Records for processing below:

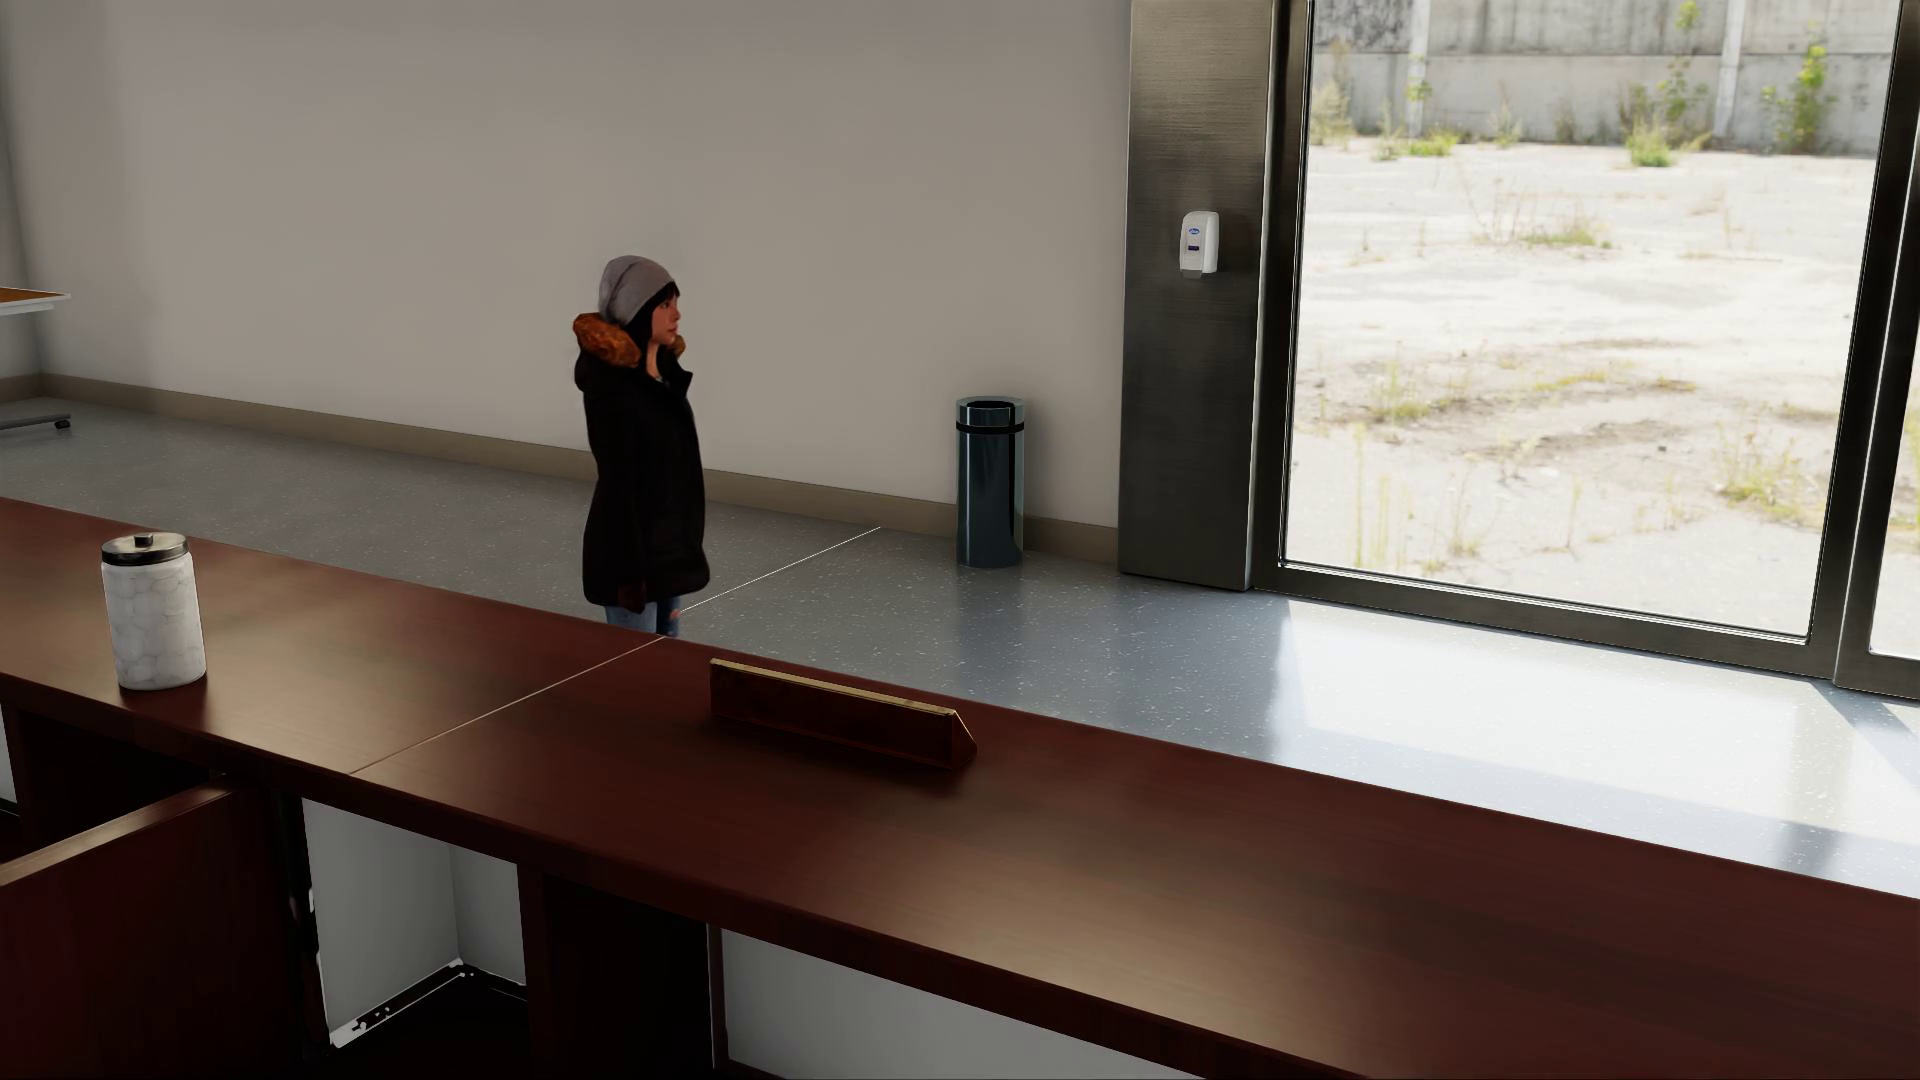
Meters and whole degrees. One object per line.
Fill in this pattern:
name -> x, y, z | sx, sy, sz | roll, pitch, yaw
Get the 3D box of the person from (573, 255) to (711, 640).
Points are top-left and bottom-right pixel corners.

End of Records for processing.

▸ What you should do
Everything in the listing above except the pictures should be duplicated exactly.

▸ Exercise answer
Meters and whole degrees. One object per line.
Fill in this pattern:
name -> x, y, z | sx, sy, sz | roll, pitch, yaw
Get the 3D box of the person from (573, 255) to (711, 640).
Points are top-left and bottom-right pixel corners.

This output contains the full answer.